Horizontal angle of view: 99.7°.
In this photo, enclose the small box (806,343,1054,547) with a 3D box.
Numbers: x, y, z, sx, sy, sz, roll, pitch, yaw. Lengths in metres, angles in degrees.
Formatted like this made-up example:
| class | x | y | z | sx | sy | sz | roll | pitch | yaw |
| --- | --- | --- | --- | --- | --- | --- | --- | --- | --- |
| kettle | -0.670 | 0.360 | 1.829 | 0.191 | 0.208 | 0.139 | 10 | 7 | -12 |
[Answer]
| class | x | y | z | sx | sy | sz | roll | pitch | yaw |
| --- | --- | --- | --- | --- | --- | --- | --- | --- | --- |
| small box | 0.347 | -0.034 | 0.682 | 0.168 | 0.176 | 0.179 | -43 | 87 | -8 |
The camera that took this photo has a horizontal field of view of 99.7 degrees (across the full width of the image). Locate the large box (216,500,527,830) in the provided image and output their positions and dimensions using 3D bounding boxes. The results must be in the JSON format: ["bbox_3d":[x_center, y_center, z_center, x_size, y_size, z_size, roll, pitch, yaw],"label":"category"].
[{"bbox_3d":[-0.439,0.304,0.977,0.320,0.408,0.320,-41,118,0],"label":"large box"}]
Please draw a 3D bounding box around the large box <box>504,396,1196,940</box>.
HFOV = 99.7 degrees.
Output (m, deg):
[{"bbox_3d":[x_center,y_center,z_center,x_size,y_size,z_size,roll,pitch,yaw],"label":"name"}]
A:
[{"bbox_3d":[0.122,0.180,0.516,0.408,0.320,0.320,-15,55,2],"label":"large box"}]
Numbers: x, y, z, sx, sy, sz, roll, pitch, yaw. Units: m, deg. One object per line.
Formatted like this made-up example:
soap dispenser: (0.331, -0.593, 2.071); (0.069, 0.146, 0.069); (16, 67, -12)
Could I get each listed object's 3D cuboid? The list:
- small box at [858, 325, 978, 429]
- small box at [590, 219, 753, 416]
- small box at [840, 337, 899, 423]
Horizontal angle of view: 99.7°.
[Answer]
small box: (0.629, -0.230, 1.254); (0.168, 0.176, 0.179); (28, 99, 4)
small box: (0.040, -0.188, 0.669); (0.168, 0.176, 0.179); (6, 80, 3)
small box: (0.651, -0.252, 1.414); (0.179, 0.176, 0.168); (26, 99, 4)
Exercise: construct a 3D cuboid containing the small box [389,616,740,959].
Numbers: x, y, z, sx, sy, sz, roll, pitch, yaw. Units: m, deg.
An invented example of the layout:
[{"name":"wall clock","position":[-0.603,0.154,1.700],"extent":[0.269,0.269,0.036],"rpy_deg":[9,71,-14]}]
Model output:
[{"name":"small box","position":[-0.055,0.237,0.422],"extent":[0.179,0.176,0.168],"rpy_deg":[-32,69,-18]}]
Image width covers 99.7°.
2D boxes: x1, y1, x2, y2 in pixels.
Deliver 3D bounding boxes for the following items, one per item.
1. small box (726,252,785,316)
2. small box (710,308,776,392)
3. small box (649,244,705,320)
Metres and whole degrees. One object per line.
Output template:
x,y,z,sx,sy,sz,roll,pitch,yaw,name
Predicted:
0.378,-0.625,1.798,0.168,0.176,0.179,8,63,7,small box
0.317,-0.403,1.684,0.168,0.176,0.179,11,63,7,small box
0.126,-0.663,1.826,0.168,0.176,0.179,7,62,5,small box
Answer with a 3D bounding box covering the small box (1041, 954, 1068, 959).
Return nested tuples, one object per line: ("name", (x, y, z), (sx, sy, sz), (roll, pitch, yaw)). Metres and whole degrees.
##########
Search the entries above for the word "whole" and copy each line where it appears.

Metres and whole degrees. One object per line.
Return nested tuples, one object per line: ("name", (x, y, z), (sx, sy, sz), (roll, pitch, yaw)). Metres and whole degrees.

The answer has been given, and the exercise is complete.